Jak wyglądało wtedy moje odżywianie. Jadłam "wszystko", nie gardząc łakociami. Próbowałam wszystkich zapisanych przez lekarza leków, ale starałam się zażywać ich jak najmniej. Wyobrażałam sobie, co blokuje mój oddech - wydzielina, skurcz oskrzeli... Gdy więc przeczytałam o śluzotwórczym działaniu pewnych produktów, odstawiłam wieprzowinę i starałam się ograniczyć spożycie pszenicy i słodyczy. Leki przestałam brać, a w chwilach paniki pracowałam z oddechem i stosowałam mudry. Po roku duszności stopniowo słabły i nie miałam nawrotów. Po dwóch latach powróciłam do wieprzowiny. Nadal jadłam wszystko, pogarszało się trawienie i stan stawów, zaczęłam tyć (dzisiaj wiem, że z powodu złej diety i niedoborów). Jedno dobre, że nie słyszałam o kandydozie i w związku z tym nie próbowałam z nią walczyć, co stworzyłoby wolną przestrzeń dla groźnych bakterii!
Gdy od stycznia 2005 roku zaczęłam stosować MO, nasilały się istniejące dolegliwości i wracały te, o których zapomniałam, a więc choćby straszny kaszel i duszności.

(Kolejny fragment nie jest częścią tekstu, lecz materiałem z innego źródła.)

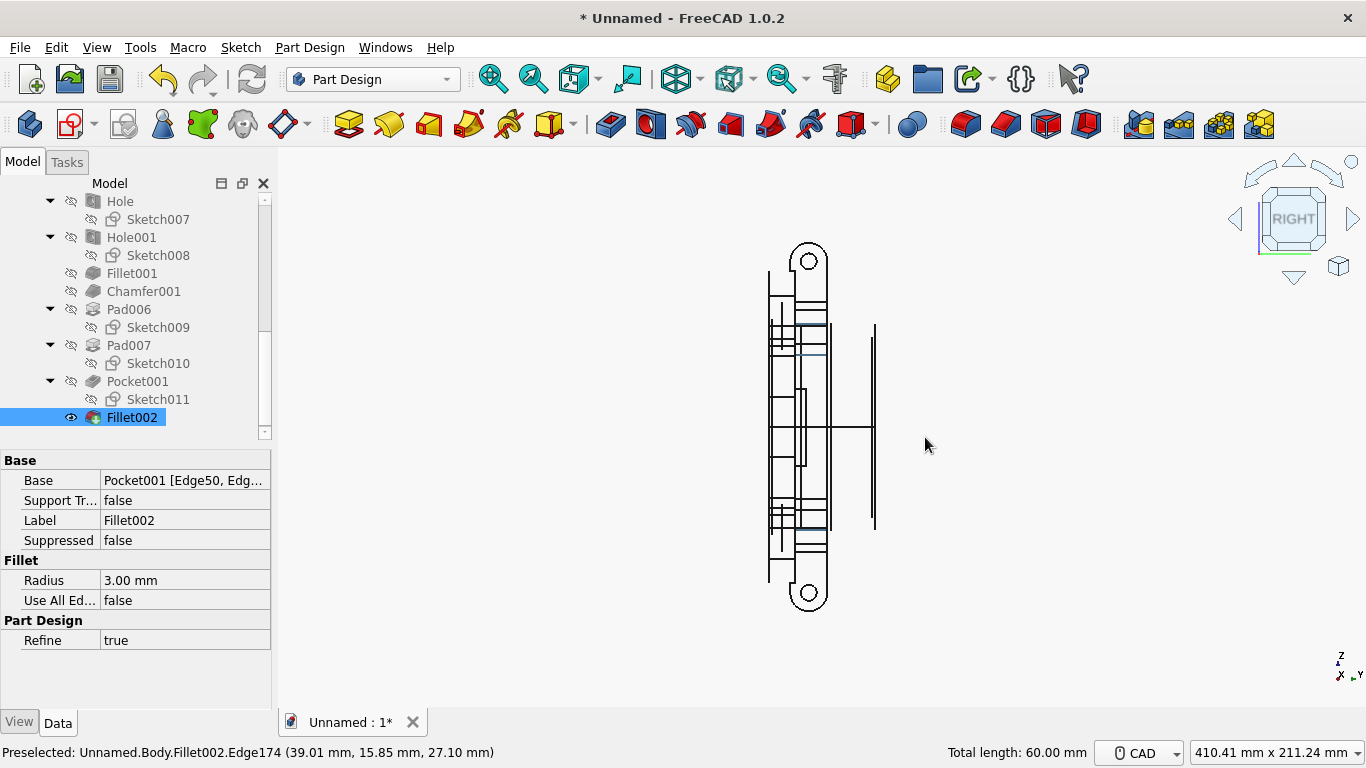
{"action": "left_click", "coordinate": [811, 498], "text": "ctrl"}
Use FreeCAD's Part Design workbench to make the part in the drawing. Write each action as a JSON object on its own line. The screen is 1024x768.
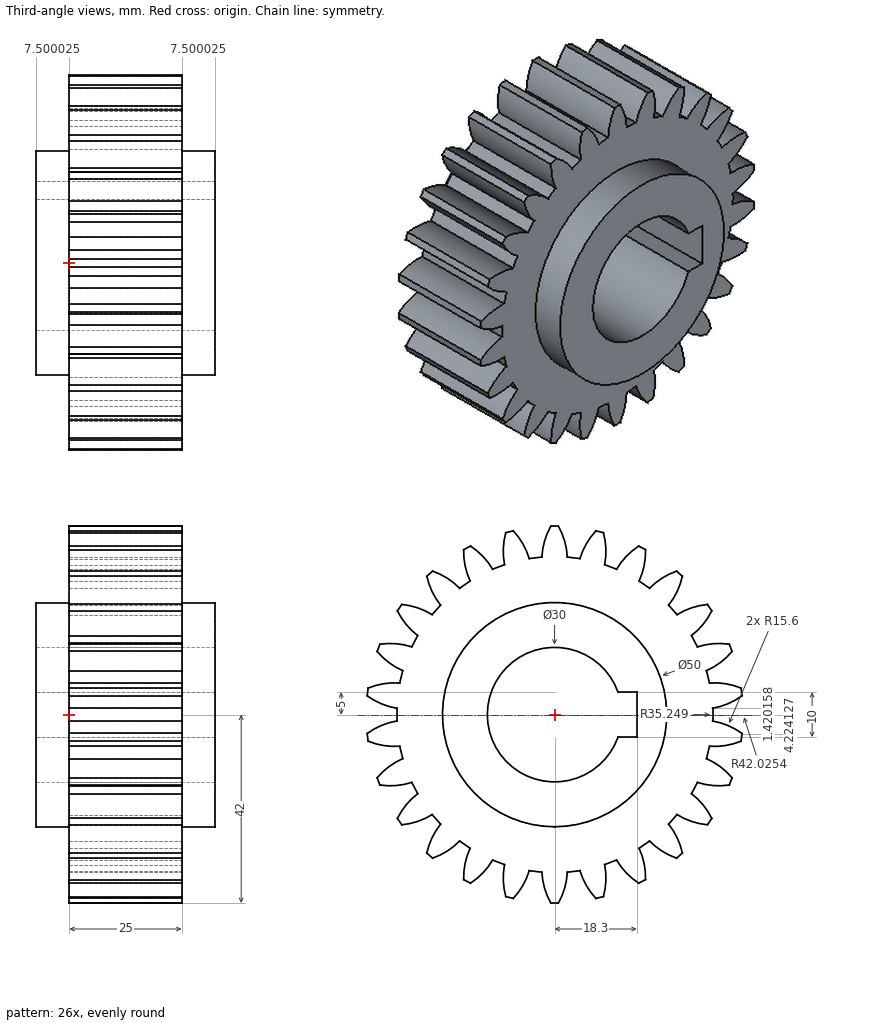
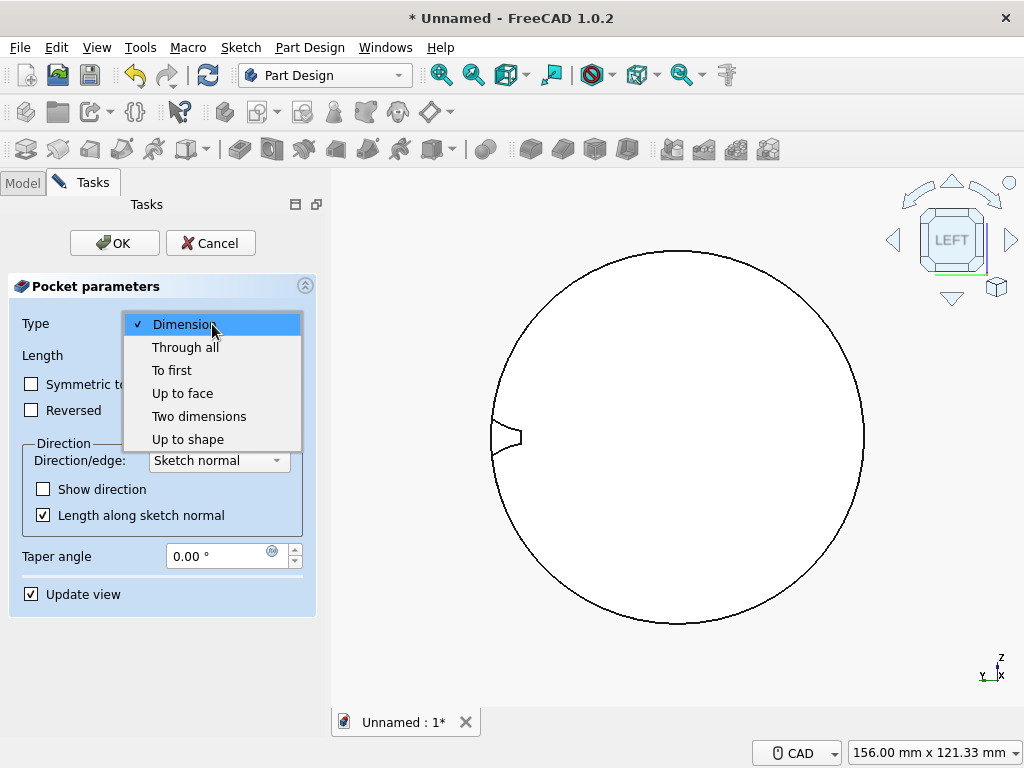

Powtarzały się stare sny, ale po paru przebytych infekcjach wszystko minęło (z leków początkowo stosowałam aconitum, euphorbium do nosa, do tego tabletki emskie, siemię lniane, później także prawoślaz, z czasem - zero leków, tylko maceraty). Jednak integralną składową postępowania prozdrowotnego są:
- odpowiednia dieta - DP, wykluczająca pieczywo, mleko i wszystko to, co nam szkodzi oraz uzupełniający dietę
- KB - dla wyrównania niedoborów
- a także zachowanie spokoju, niepoddawanie się niszczącym przeżyciom (nie to, bym się zamieniła w ciepłe kluchy, bo zawsze silnie przeżywałam uczucia, emocje, ale nauczyłam się to kontrolować).

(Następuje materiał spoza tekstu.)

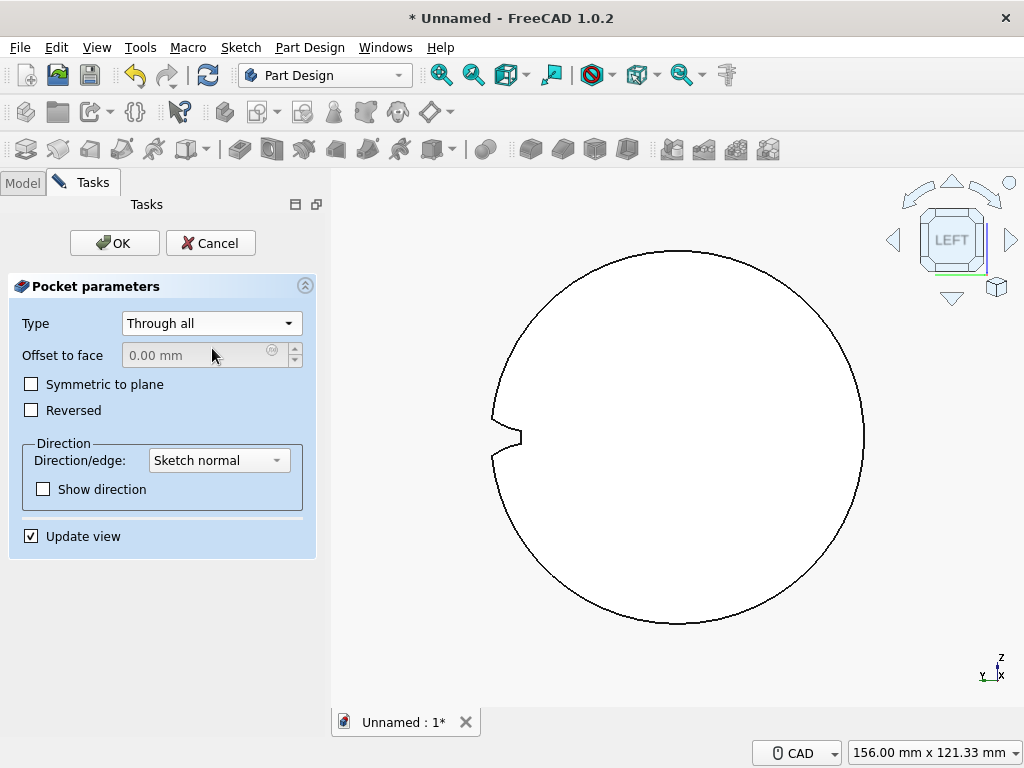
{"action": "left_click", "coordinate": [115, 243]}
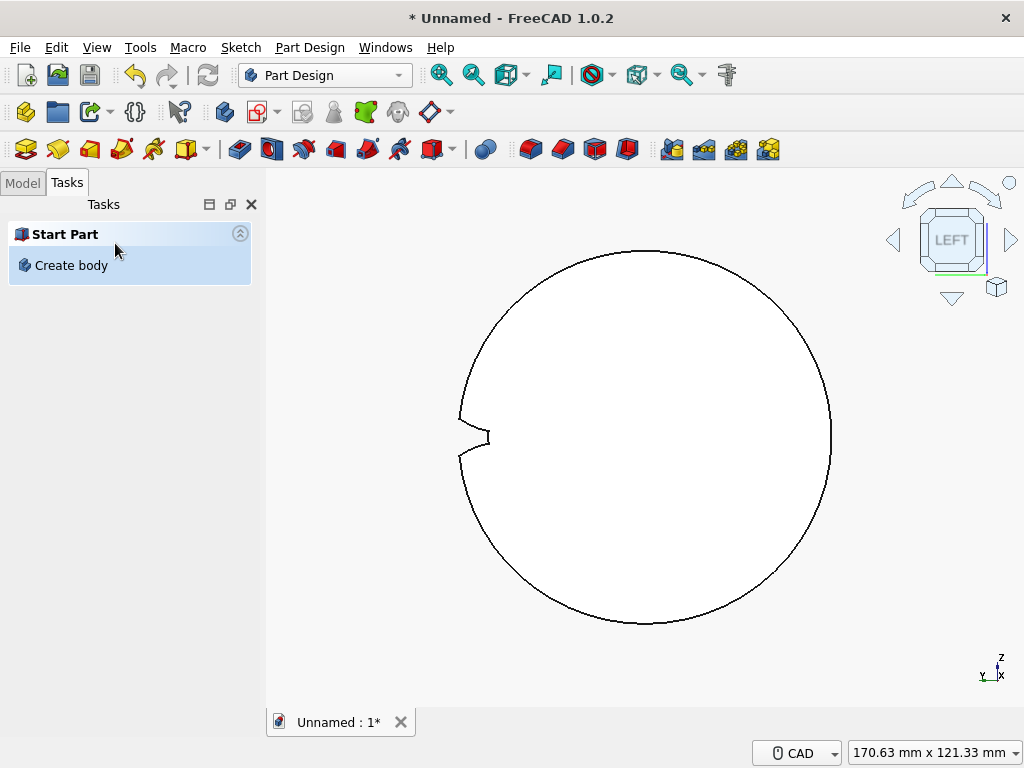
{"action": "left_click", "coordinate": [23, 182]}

Niestety, trochę późno to odkryłam, dlatego i mój powrót do zdrowia ciągnął się dłużej, niż to konieczne. Pewną rolę w zdrowieniu odegrały zioła - mieszanka na drogi oddechowe; ssanie oleju; zakraplanie nosa alocitem; twierdzę jednak, że ostatecznie samowyleczenie nastąpiło po odstawieniu pieczywa od kwietnia 2009 i wreszcie, po całkowitym odcięciu od koryta słodyczy i potraw typowo węglowodanowych.
Teraz Twoja kolej - co z tą wiedzą zrobisz, to Twoja rzecz.